Records excerpted from a collection:
>>>>>

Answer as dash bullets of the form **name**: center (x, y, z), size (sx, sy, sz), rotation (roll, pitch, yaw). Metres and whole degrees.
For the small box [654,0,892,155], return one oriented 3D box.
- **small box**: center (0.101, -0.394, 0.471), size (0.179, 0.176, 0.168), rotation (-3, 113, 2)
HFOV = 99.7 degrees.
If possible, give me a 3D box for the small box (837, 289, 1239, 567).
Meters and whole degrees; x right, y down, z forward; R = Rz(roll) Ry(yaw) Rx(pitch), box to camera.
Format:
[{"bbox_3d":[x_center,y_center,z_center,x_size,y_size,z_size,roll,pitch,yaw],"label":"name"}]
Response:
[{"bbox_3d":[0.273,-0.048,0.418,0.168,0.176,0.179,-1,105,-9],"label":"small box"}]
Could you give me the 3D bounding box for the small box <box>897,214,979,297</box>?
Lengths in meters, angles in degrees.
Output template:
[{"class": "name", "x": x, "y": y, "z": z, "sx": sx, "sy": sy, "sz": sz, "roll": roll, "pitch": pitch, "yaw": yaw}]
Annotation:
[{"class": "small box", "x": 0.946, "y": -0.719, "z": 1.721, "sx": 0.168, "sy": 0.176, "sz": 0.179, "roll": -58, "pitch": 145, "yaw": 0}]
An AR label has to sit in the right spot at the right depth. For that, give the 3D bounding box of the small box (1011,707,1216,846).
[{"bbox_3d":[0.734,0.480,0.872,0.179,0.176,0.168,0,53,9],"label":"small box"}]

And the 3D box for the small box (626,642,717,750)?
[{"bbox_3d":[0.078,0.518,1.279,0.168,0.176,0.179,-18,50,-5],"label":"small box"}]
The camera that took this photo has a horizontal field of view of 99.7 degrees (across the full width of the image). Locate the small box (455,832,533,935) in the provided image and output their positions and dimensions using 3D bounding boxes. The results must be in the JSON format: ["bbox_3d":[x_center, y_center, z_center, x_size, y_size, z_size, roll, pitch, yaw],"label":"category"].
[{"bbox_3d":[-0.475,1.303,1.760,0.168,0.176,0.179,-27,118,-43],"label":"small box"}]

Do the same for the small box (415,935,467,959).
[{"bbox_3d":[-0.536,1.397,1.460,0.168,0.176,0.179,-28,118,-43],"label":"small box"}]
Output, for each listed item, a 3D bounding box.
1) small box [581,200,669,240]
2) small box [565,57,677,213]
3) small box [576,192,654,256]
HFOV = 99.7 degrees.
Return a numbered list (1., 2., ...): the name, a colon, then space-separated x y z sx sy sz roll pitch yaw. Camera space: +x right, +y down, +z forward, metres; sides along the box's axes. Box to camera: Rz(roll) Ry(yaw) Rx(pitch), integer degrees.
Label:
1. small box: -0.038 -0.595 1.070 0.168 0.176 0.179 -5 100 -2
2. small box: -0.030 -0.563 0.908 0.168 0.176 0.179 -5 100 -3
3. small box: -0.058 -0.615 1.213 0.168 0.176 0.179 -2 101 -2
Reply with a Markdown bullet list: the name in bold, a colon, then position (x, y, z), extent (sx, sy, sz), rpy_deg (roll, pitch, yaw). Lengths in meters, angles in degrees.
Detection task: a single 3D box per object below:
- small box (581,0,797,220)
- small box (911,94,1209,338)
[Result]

<<<<<

ACTIVITY:
The response should be every record above restated exactly.

ANSWER FOR THE TASK:
Answer as dash bullets of the form **name**: center (x, y, z), size (sx, sy, sz), rotation (roll, pitch, yaw). Metres and whole degrees.
For the small box [654,0,892,155], return one oriented 3D box.
- **small box**: center (0.101, -0.394, 0.471), size (0.179, 0.176, 0.168), rotation (-3, 113, 2)
HFOV = 99.7 degrees.
If possible, give me a 3D box for the small box (837, 289, 1239, 567).
Meters and whole degrees; x right, y down, z forward; R = Rz(roll) Ry(yaw) Rx(pitch), box to camera.
Format:
[{"bbox_3d":[x_center,y_center,z_center,x_size,y_size,z_size,roll,pitch,yaw],"label":"name"}]
Response:
[{"bbox_3d":[0.273,-0.048,0.418,0.168,0.176,0.179,-1,105,-9],"label":"small box"}]
Could you give me the 3D bounding box for the small box <box>897,214,979,297</box>?
Lengths in meters, angles in degrees.
Output template:
[{"class": "name", "x": x, "y": y, "z": z, "sx": sx, "sy": sy, "sz": sz, "roll": roll, "pitch": pitch, "yaw": yaw}]
Annotation:
[{"class": "small box", "x": 0.946, "y": -0.719, "z": 1.721, "sx": 0.168, "sy": 0.176, "sz": 0.179, "roll": -58, "pitch": 145, "yaw": 0}]
An AR label has to sit in the right spot at the right depth. For that, give the 3D bounding box of the small box (1011,707,1216,846).
[{"bbox_3d":[0.734,0.480,0.872,0.179,0.176,0.168,0,53,9],"label":"small box"}]

And the 3D box for the small box (626,642,717,750)?
[{"bbox_3d":[0.078,0.518,1.279,0.168,0.176,0.179,-18,50,-5],"label":"small box"}]
The camera that took this photo has a horizontal field of view of 99.7 degrees (across the full width of the image). Locate the small box (455,832,533,935) in the provided image and output their positions and dimensions using 3D bounding boxes. The results must be in the JSON format: ["bbox_3d":[x_center, y_center, z_center, x_size, y_size, z_size, roll, pitch, yaw],"label":"category"].
[{"bbox_3d":[-0.475,1.303,1.760,0.168,0.176,0.179,-27,118,-43],"label":"small box"}]

Do the same for the small box (415,935,467,959).
[{"bbox_3d":[-0.536,1.397,1.460,0.168,0.176,0.179,-28,118,-43],"label":"small box"}]
Output, for each listed item, a 3D bounding box.
1) small box [581,200,669,240]
2) small box [565,57,677,213]
3) small box [576,192,654,256]
HFOV = 99.7 degrees.
Return a numbered list (1., 2., ...): the name, a colon, then space-separated x y z sx sy sz roll pitch yaw. Camera space: +x right, +y down, +z forward, metres; sides along the box's axes. Box to camera: Rz(roll) Ry(yaw) Rx(pitch), integer degrees.
Label:
1. small box: -0.038 -0.595 1.070 0.168 0.176 0.179 -5 100 -2
2. small box: -0.030 -0.563 0.908 0.168 0.176 0.179 -5 100 -3
3. small box: -0.058 -0.615 1.213 0.168 0.176 0.179 -2 101 -2
Reply with a Markdown bullet list: the name in bold, a colon, then position (x, y, z), extent (sx, sy, sz), rpy_deg (roll, pitch, yaw). Lengths in meters, angles in degrees.
Detection task: a single 3D box per object below:
- small box (581,0,797,220)
- small box (911,94,1209,338)
[Result]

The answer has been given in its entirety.